Yes, if a special standard operating procedure (SOP) is developed and followed whereby the number of needle puncture entries into the reaction vial is limited to two. Also remember that USP requires that blood manipulations be clearly separated from routine procedures and that they be controlled by specific SOPs to avoid cross contamination.
According to the manufacturer's documentation, the UltraTag™ preparation process involves the addition of 1–3 mL of a patient's blood to the reaction vial, which is allowed to react for 5 minutes. Contents from two syringes are then added sequentially, followed by up to 3 mL of a 99mTc-sodium pertechnetate solution after shielding the vial. The vial is incubated for another 20 minutes. The package insert preparation requires 4 puncture entries into the septum of the reaction vial. Some have argued that this described UltraTag™ labeling does not qualify for immediate-use or low-risk compounding because its preparation does not meet the requirement of "not more than two entries into any one container or package."

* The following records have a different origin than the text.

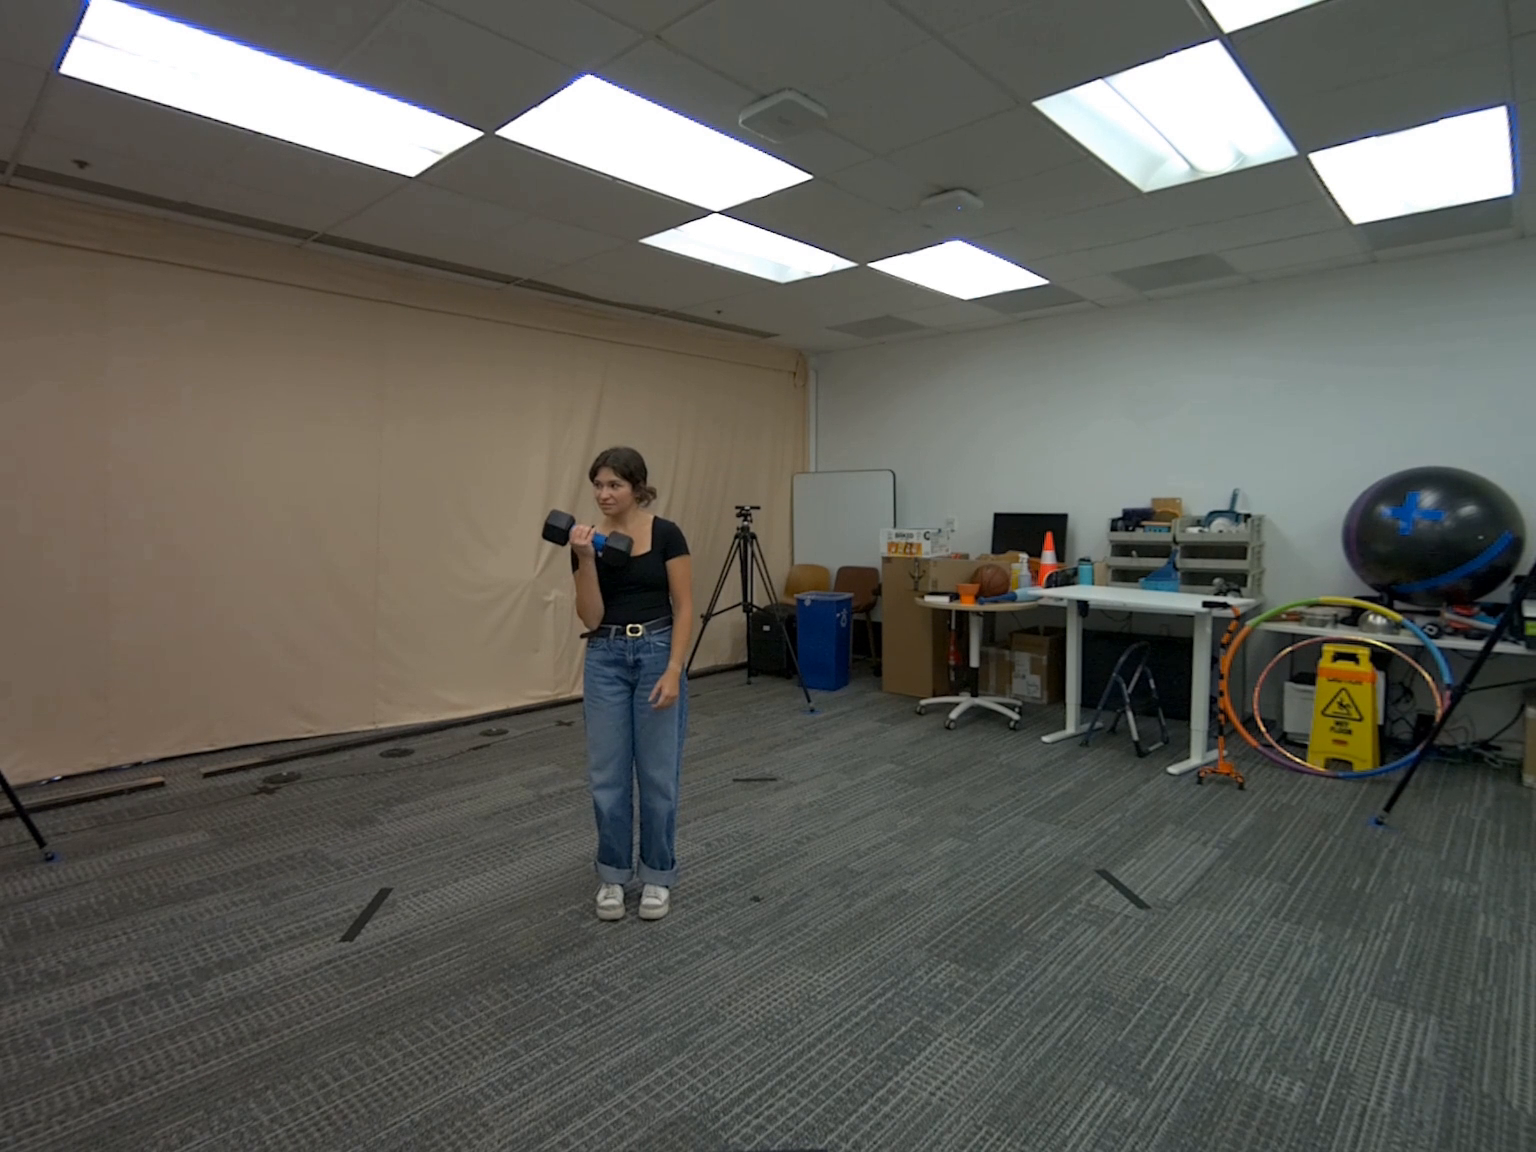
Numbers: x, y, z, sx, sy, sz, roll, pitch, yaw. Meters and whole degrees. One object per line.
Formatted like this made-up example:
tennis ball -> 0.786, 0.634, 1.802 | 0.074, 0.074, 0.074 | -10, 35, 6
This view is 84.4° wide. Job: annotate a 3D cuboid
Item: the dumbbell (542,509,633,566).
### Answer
dumbbell -> -0.599, -0.122, 2.796 | 0.293, 0.122, 0.109 | 22, 25, 0
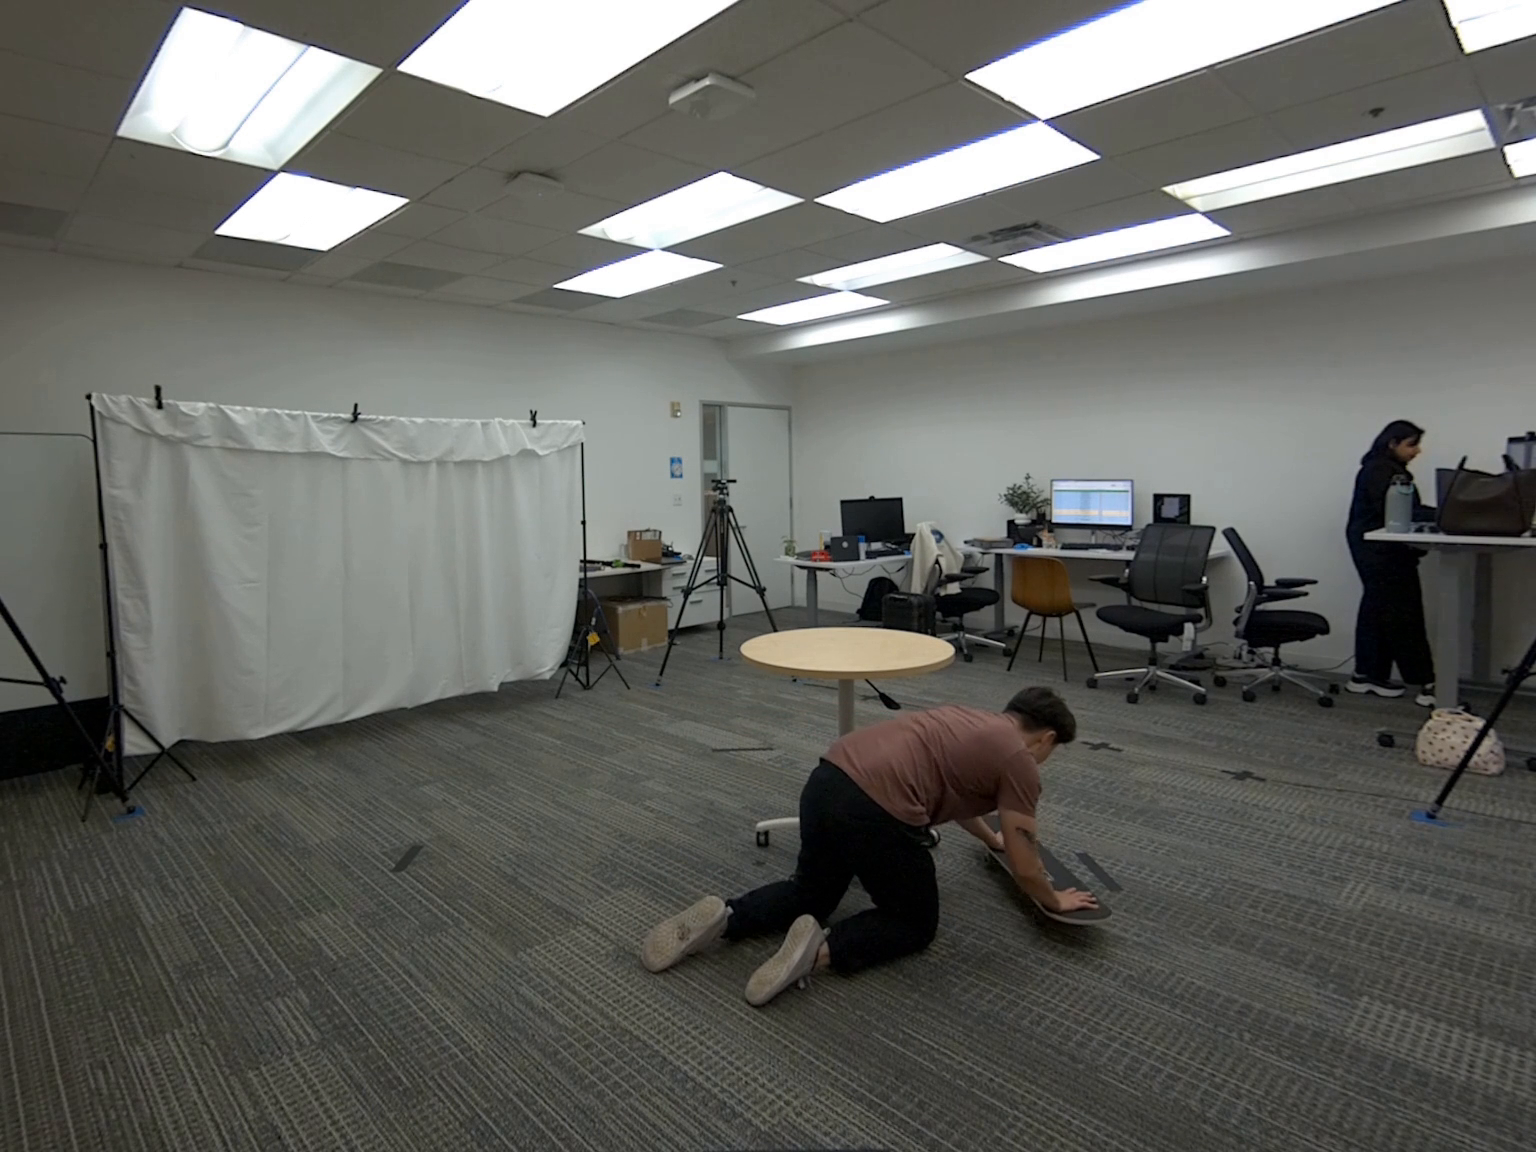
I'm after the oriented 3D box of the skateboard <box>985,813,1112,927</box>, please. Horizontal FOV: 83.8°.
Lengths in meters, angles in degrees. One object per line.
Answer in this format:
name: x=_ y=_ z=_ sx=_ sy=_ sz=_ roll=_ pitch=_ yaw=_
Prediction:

It appears that radiolabeling of RBCs using the UltraTag™ method can be performed "on the open bench" if the Occupational Safety and Health Administration (OSHA) Bloodborne Pathogens Standards (29 CFR 1910.1030) are followed. An important aspect of these standards is the use of personal protective equipment. Handling blood in a biological safety cabinet is desirable, but it appears that someone who is compounding could handle blood "on the bench-top" if they are supplied with and use "…appropriate personal protective equipment such as, but not limited to, gloves, gowns, laboratory coats, face shields or masks and eye protection, and mouthpieces, resuscitation bags, pocket masks, or other ventilation devices."